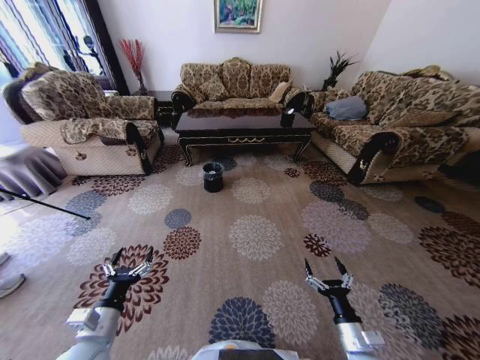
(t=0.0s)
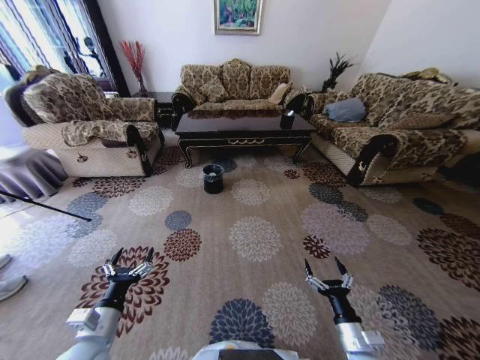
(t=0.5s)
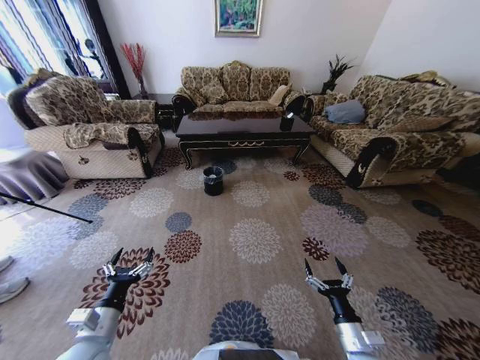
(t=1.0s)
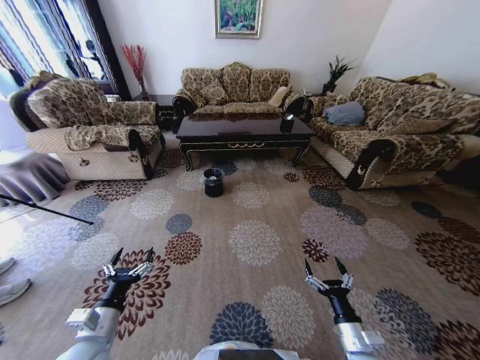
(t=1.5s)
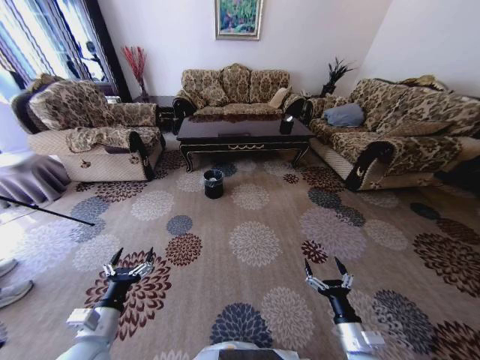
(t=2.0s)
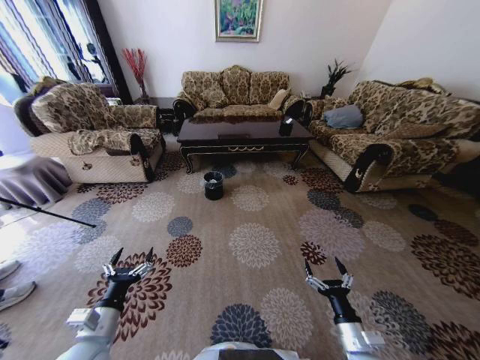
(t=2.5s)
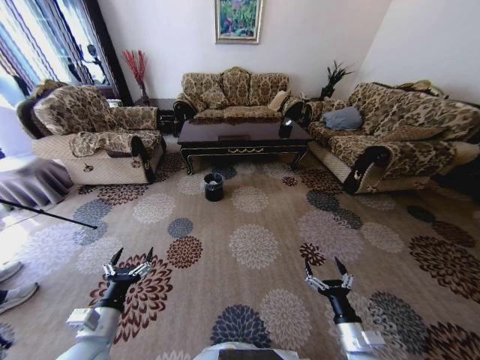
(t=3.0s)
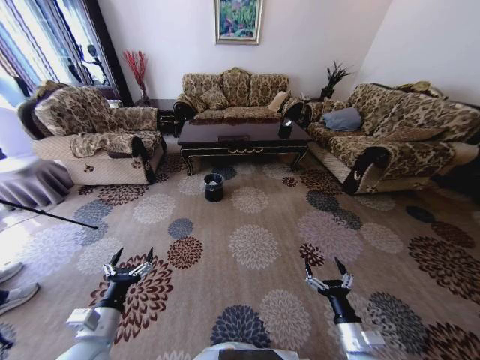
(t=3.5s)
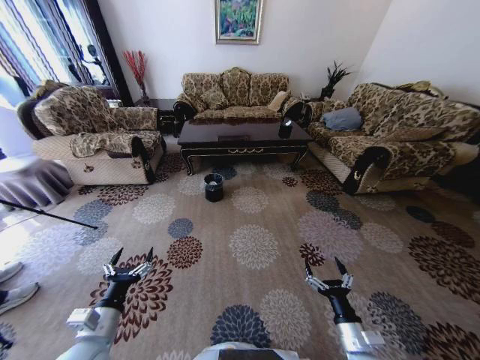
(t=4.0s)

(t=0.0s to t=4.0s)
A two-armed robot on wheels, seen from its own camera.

*****

» EXERCISE DIRECTIONS
The entries above are to be returned exactly, without their pictures.

» ANSWER TO THIS EXERCISE
(t=0.0s)
(t=0.5s)
(t=1.0s)
(t=1.5s)
(t=2.0s)
(t=2.5s)
(t=3.0s)
(t=3.5s)
(t=4.0s)

(t=0.0s to t=4.0s)
A two-armed robot on wheels, seen from its own camera.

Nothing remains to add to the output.